Martin Mocik
Martin Mocik

Reputation: 29

How to compare two big files and get results to third file?

I have two files

1st file is like this:

www.example.com
www.domain.com
www.otherexample.com
www.other-domain.com
www.other-example.com
www.exa-ample.com

2nd file is like this (numbers after ;;; are between 0-10):

www.example.com;;;2
www.domain.com;;;5
www.other-domain;;;0
www.exa-ample.com;;;4

and i want compare these two files and output to third file like this:

www.otherexample.com
www.other-example.com

Both files have large size (over 500mb)

Upvotes: 2

Views: 16607

Answers (5)

camh
camh

Reputation: 42488

Use comm(1) to compare two sorted files and to give the differences. Use grep(1) and sort(1) to get your files into an input format suitable for comparison with comm. Use process substitution in bash to tie it together:

comm -23 <(sort file1.txt) <(grep -o '^[^;]*' file2.txt | sort)

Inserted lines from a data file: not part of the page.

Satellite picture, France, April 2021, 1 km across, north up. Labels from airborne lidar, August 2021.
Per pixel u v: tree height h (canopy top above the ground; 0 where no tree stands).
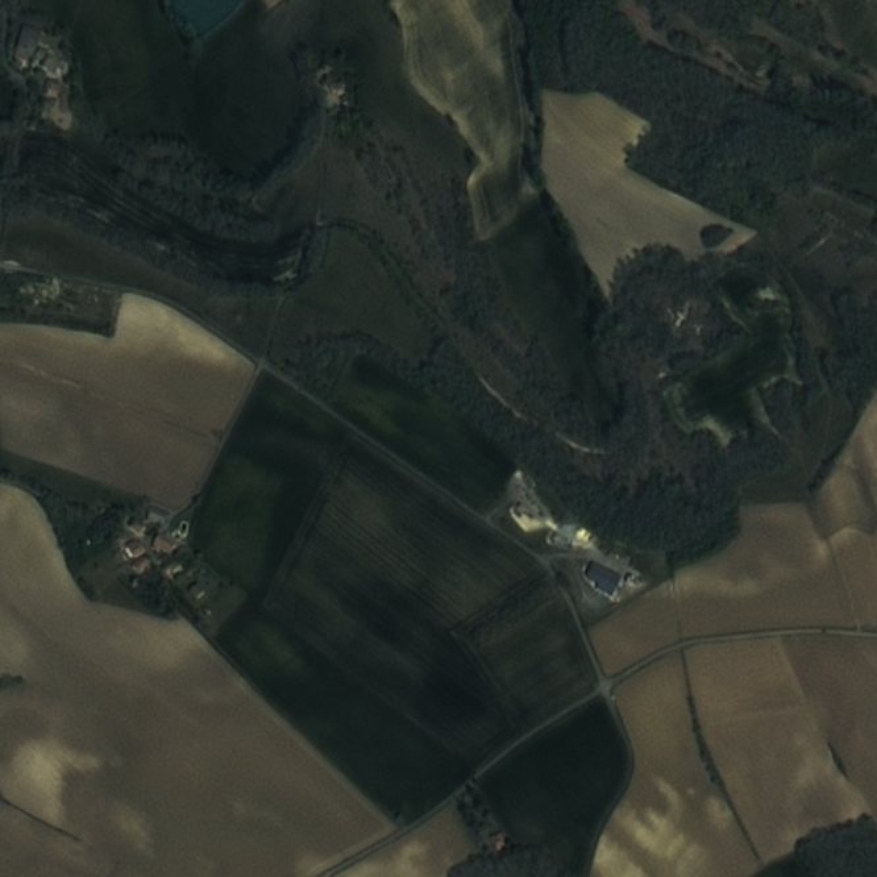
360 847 0
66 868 0
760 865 0
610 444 18
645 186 0
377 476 0
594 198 0
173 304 0
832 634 0
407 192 14
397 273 13
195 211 17
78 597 0
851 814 0
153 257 15
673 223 0
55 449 0
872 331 18
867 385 18
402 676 0
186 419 0
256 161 0
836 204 0
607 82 21
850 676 0
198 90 0
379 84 0
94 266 0
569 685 0
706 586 0
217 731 0
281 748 0
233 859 0
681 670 0
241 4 0
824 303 0
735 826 0
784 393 10
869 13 0
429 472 0
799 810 0
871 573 0
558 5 23
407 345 0
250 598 0
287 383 0
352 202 0
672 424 9
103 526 11
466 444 0
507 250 0
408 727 0
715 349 9
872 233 13
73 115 9
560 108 0
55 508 8
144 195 11
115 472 0
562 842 0
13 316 13
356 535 0
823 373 8
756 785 0
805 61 0
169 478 0
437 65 0
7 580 0
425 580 0
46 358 0
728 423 0
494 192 0
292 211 0
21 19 8
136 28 0
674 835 0
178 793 0
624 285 10
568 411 10
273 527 0
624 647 0
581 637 0
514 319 16
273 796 0
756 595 0
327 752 0
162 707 0
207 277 14
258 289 18
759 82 0
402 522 0
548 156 0
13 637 0
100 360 0
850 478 0
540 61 10
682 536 16
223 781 0
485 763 0
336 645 0
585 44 21
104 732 0
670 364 8
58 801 0
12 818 0
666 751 0
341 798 0
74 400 0
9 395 0
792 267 0
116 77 0
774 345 0
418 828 0
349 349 12
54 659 0
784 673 0
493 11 0
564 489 18
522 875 19
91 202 0
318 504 0
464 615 0
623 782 0
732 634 0
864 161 0
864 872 19
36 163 0
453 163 0
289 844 0
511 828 0
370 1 0
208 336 0
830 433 0
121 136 13
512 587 0
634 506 11
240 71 0
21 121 9
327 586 0
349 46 0
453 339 14
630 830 0
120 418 0
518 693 0
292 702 0
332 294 0
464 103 0
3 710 0
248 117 0
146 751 0
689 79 24
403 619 0
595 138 0
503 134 0
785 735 0
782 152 19
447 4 0
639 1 16
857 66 15
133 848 0
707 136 10
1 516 0
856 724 0
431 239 13
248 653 0
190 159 8
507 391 0
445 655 0
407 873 0
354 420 0
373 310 0
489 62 0
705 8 24
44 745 0
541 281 0
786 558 0
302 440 0
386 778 0
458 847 0
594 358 0
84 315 0
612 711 0
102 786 0
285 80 0
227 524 0
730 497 15
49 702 0
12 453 0
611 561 0
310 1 0
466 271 18
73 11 0
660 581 0
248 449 0
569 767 0
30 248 0
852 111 8
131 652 0
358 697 0
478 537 0
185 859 0
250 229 14
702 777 0
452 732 0
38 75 9
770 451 16
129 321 0
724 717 0
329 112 7
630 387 17
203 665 0
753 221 0
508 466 0
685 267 11
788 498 0
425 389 10
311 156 16
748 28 19
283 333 0
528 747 0

The -23 argument to comm says to ignore lines that are common to both files (-3) and lines unique to file 2 (-2). Depending on your exact specification, you can use -1, -2 or -3.

grep -o '^[^;]*' file2.txt just strips off everything after the first semicolon. You can use sed(1) for this, but if you are only extracting part of a line and not adding anything else, grep will often be faster.

comm needs the input files to be sorted, so sort is used to do that. The output will be sorted. sort uses locale specific collation, so you may need to set LC_ALL=C depending on the exact collation you want.

Note in your question you have www.other-domain in file 2, but www.other-domain.com in file 1. I have assumed that it is a typo in file 2 given the output.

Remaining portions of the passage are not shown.